:: The problem ::
The expected output is exactly the lines below, starting at the line with "00:00:09.400" and ending at the line with "(0.0 sec to 2.4 sec)", both included; no other line belongs in it.

:: Supplied material ::
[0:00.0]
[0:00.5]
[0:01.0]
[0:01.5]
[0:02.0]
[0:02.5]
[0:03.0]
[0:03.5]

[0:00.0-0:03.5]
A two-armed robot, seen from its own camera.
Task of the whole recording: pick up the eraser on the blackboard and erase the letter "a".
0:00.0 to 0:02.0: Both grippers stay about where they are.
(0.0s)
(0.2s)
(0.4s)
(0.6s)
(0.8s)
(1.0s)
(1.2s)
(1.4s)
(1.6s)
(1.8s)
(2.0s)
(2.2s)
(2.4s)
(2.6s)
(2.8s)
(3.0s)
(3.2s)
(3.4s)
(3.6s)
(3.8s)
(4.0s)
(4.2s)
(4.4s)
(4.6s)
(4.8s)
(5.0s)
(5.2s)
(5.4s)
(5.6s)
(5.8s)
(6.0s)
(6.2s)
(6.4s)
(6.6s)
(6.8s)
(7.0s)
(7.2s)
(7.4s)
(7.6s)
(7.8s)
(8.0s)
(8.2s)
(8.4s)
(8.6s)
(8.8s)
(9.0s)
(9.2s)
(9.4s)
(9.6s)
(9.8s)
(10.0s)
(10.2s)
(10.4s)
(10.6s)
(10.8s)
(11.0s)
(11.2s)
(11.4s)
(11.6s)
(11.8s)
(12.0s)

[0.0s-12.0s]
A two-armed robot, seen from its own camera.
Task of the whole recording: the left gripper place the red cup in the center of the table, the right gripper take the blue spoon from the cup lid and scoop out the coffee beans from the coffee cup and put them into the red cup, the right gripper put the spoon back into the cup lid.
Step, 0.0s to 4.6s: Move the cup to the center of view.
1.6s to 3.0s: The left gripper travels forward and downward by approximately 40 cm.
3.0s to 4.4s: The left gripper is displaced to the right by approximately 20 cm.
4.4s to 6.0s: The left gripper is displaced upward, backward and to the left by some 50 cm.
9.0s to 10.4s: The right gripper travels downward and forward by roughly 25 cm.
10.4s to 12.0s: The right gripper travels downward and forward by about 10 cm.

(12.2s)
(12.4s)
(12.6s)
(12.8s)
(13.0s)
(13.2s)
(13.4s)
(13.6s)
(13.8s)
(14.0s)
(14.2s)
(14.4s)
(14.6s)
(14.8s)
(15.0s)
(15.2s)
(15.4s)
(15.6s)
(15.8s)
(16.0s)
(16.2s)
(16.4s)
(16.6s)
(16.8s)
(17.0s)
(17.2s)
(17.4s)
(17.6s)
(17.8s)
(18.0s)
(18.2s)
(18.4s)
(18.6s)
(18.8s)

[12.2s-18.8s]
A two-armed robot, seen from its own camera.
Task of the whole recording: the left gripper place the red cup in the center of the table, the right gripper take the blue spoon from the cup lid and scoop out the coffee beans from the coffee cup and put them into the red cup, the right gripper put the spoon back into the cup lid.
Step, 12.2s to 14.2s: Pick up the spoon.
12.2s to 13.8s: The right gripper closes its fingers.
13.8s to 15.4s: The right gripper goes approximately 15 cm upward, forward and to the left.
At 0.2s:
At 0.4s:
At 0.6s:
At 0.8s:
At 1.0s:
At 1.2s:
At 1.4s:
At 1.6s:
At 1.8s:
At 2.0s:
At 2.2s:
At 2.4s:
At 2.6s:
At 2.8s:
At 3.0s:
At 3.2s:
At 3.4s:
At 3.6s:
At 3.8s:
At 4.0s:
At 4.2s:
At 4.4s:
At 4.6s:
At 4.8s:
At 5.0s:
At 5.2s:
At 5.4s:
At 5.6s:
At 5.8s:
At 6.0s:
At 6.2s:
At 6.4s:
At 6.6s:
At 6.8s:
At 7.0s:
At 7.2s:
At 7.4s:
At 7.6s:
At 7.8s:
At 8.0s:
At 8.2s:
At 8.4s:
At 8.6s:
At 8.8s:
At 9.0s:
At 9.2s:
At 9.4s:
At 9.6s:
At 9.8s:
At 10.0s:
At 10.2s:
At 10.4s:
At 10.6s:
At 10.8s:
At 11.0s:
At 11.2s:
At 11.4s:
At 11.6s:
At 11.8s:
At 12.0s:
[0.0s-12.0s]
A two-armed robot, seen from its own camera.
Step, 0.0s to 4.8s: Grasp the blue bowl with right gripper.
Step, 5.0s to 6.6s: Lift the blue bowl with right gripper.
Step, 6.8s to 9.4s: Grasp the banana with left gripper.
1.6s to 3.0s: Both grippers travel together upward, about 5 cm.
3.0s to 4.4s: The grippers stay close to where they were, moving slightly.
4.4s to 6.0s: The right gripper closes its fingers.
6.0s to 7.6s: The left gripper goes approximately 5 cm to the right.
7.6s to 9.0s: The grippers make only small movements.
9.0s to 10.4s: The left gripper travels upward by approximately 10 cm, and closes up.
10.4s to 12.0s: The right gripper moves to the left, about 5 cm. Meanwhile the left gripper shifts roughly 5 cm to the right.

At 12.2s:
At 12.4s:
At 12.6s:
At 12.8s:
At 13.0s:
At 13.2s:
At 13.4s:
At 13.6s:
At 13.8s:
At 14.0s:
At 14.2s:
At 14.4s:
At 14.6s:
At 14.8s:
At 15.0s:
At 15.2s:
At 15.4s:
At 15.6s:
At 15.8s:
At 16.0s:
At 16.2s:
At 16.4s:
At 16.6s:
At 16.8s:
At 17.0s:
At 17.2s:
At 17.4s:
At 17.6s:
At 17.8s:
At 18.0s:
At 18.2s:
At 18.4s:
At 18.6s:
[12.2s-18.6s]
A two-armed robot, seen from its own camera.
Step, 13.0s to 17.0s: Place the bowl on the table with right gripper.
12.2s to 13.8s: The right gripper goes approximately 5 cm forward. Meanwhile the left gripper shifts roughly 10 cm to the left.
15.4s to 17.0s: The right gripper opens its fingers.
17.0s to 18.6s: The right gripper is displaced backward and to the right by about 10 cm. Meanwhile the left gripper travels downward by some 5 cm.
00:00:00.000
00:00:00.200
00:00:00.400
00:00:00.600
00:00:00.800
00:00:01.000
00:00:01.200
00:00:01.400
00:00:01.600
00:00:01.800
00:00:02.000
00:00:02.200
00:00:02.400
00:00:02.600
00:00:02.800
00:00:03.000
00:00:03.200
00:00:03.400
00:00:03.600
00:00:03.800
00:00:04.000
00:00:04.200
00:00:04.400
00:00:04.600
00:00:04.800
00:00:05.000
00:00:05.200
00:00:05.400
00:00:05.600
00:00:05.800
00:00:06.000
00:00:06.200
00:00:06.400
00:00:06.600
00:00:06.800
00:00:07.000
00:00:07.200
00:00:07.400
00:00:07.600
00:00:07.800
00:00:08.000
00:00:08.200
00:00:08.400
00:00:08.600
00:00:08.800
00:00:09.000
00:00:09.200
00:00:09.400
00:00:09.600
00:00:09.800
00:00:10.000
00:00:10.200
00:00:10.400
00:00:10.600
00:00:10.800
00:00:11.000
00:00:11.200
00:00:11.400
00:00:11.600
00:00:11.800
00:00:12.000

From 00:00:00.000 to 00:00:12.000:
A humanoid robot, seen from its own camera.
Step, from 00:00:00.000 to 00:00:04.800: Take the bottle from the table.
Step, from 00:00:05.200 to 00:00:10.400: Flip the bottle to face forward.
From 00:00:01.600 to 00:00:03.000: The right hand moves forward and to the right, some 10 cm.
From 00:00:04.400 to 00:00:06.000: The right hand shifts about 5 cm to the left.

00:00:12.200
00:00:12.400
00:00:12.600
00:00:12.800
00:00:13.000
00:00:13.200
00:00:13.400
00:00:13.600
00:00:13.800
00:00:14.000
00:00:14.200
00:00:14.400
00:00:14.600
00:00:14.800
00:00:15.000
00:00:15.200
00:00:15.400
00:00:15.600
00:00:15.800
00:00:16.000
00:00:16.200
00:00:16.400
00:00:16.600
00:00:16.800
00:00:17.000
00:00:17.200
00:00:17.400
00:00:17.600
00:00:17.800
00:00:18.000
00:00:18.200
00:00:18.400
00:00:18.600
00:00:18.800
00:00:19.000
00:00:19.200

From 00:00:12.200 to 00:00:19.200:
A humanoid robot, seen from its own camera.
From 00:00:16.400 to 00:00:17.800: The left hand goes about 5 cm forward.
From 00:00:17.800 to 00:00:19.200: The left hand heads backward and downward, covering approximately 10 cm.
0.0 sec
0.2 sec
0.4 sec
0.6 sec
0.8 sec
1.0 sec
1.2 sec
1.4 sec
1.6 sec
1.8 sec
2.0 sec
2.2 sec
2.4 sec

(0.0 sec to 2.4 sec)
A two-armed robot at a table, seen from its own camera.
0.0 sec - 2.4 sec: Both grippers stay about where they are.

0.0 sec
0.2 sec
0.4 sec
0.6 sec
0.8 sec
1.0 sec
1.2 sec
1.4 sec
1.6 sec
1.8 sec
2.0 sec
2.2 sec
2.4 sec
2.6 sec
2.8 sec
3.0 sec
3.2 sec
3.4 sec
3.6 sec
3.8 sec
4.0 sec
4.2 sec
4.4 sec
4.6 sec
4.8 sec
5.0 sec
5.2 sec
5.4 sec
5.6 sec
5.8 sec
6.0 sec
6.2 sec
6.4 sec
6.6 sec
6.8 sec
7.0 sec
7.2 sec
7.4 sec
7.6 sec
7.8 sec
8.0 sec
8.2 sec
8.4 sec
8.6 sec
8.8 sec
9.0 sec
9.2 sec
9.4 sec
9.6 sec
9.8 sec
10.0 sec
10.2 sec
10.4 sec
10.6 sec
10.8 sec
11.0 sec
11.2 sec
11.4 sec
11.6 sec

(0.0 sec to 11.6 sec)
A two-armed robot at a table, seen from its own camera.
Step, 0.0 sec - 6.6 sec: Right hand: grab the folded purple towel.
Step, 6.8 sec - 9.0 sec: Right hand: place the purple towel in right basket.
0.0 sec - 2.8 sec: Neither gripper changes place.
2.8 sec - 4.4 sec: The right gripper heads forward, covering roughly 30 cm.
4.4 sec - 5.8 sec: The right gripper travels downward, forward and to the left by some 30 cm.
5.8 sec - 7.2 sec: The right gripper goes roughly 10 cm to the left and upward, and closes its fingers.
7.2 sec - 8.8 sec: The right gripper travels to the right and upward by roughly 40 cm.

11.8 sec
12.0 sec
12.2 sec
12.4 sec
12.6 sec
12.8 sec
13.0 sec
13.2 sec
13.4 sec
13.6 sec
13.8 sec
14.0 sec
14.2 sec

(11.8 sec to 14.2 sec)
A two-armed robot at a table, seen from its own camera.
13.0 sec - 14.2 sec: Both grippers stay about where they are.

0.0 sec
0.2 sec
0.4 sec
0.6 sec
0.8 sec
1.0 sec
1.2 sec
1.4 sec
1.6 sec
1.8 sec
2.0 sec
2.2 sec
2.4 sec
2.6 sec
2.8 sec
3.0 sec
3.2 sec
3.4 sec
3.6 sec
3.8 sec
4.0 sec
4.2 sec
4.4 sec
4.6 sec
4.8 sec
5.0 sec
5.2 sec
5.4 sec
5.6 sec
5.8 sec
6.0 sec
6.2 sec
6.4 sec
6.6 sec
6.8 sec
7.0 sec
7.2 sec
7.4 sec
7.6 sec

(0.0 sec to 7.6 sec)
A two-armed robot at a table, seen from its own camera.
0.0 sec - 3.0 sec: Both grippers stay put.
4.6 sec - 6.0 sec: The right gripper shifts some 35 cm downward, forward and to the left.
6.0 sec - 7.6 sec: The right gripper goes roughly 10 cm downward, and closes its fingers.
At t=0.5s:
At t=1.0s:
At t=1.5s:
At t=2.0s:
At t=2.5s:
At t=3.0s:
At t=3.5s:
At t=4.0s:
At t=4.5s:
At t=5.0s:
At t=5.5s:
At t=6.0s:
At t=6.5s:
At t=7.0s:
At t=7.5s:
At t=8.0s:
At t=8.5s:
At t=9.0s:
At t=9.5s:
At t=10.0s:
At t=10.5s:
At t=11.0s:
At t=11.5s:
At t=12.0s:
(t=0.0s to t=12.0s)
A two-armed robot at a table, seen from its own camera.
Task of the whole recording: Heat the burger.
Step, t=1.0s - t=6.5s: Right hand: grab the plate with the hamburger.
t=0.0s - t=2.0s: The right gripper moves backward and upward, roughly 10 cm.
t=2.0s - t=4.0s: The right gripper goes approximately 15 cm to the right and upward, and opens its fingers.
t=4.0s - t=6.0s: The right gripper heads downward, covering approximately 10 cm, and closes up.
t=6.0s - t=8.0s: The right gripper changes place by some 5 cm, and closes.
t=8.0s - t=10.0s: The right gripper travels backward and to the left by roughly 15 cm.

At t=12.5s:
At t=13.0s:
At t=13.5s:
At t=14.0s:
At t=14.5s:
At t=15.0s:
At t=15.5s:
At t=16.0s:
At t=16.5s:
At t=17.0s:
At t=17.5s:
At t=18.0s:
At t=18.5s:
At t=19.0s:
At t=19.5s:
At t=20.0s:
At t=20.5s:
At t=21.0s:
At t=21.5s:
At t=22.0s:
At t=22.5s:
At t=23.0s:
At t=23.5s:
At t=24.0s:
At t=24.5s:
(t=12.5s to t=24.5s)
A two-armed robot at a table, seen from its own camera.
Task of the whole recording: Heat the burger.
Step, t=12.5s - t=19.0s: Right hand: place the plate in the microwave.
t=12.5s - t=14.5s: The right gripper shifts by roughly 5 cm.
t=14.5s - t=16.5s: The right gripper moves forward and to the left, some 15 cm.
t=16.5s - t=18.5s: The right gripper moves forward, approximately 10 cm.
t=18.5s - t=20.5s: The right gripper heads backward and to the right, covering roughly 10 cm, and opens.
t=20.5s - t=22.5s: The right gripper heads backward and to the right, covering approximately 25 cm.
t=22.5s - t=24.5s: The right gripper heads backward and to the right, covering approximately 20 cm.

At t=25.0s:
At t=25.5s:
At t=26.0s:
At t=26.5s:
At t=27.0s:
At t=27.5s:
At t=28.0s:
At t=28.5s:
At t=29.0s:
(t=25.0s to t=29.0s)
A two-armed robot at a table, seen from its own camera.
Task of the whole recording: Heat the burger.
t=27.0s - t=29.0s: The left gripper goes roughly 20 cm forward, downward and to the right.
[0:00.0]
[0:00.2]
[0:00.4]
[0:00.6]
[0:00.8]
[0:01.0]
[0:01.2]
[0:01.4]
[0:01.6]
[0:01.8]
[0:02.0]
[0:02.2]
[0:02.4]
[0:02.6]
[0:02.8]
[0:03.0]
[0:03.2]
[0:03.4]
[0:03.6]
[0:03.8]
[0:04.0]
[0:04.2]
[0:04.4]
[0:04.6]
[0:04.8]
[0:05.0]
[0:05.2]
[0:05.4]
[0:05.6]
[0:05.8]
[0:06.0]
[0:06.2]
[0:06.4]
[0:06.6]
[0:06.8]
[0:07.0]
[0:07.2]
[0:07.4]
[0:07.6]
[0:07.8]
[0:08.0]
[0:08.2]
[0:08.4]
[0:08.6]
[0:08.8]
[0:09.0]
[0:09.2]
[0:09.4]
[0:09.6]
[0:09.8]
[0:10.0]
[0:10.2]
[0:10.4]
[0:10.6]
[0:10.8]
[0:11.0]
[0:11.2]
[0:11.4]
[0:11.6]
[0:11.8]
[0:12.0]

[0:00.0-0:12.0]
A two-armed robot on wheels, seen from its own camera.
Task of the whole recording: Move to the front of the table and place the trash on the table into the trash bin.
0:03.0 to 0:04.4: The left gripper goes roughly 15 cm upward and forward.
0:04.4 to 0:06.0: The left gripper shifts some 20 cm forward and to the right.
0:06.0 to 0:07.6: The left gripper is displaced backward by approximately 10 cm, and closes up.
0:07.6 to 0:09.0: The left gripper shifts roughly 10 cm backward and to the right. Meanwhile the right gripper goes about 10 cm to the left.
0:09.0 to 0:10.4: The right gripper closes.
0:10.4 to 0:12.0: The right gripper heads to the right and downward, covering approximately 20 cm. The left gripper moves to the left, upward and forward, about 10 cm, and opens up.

:: Expected answer ::
00:00:09.400
00:00:09.600
00:00:09.800
00:00:10.000
00:00:10.200
00:00:10.400
00:00:10.600
00:00:10.800
00:00:11.000
00:00:11.200
00:00:11.400
00:00:11.600
00:00:11.800
00:00:12.000

From 00:00:00.000 to 00:00:12.000:
A humanoid robot, seen from its own camera.
Step, from 00:00:00.000 to 00:00:04.800: Take the bottle from the table.
Step, from 00:00:05.200 to 00:00:10.400: Flip the bottle to face forward.
From 00:00:01.600 to 00:00:03.000: The right hand moves forward and to the right, some 10 cm.
From 00:00:04.400 to 00:00:06.000: The right hand shifts about 5 cm to the left.

00:00:12.200
00:00:12.400
00:00:12.600
00:00:12.800
00:00:13.000
00:00:13.200
00:00:13.400
00:00:13.600
00:00:13.800
00:00:14.000
00:00:14.200
00:00:14.400
00:00:14.600
00:00:14.800
00:00:15.000
00:00:15.200
00:00:15.400
00:00:15.600
00:00:15.800
00:00:16.000
00:00:16.200
00:00:16.400
00:00:16.600
00:00:16.800
00:00:17.000
00:00:17.200
00:00:17.400
00:00:17.600
00:00:17.800
00:00:18.000
00:00:18.200
00:00:18.400
00:00:18.600
00:00:18.800
00:00:19.000
00:00:19.200

From 00:00:12.200 to 00:00:19.200:
A humanoid robot, seen from its own camera.
From 00:00:16.400 to 00:00:17.800: The left hand goes about 5 cm forward.
From 00:00:17.800 to 00:00:19.200: The left hand heads backward and downward, covering approximately 10 cm.
0.0 sec
0.2 sec
0.4 sec
0.6 sec
0.8 sec
1.0 sec
1.2 sec
1.4 sec
1.6 sec
1.8 sec
2.0 sec
2.2 sec
2.4 sec

(0.0 sec to 2.4 sec)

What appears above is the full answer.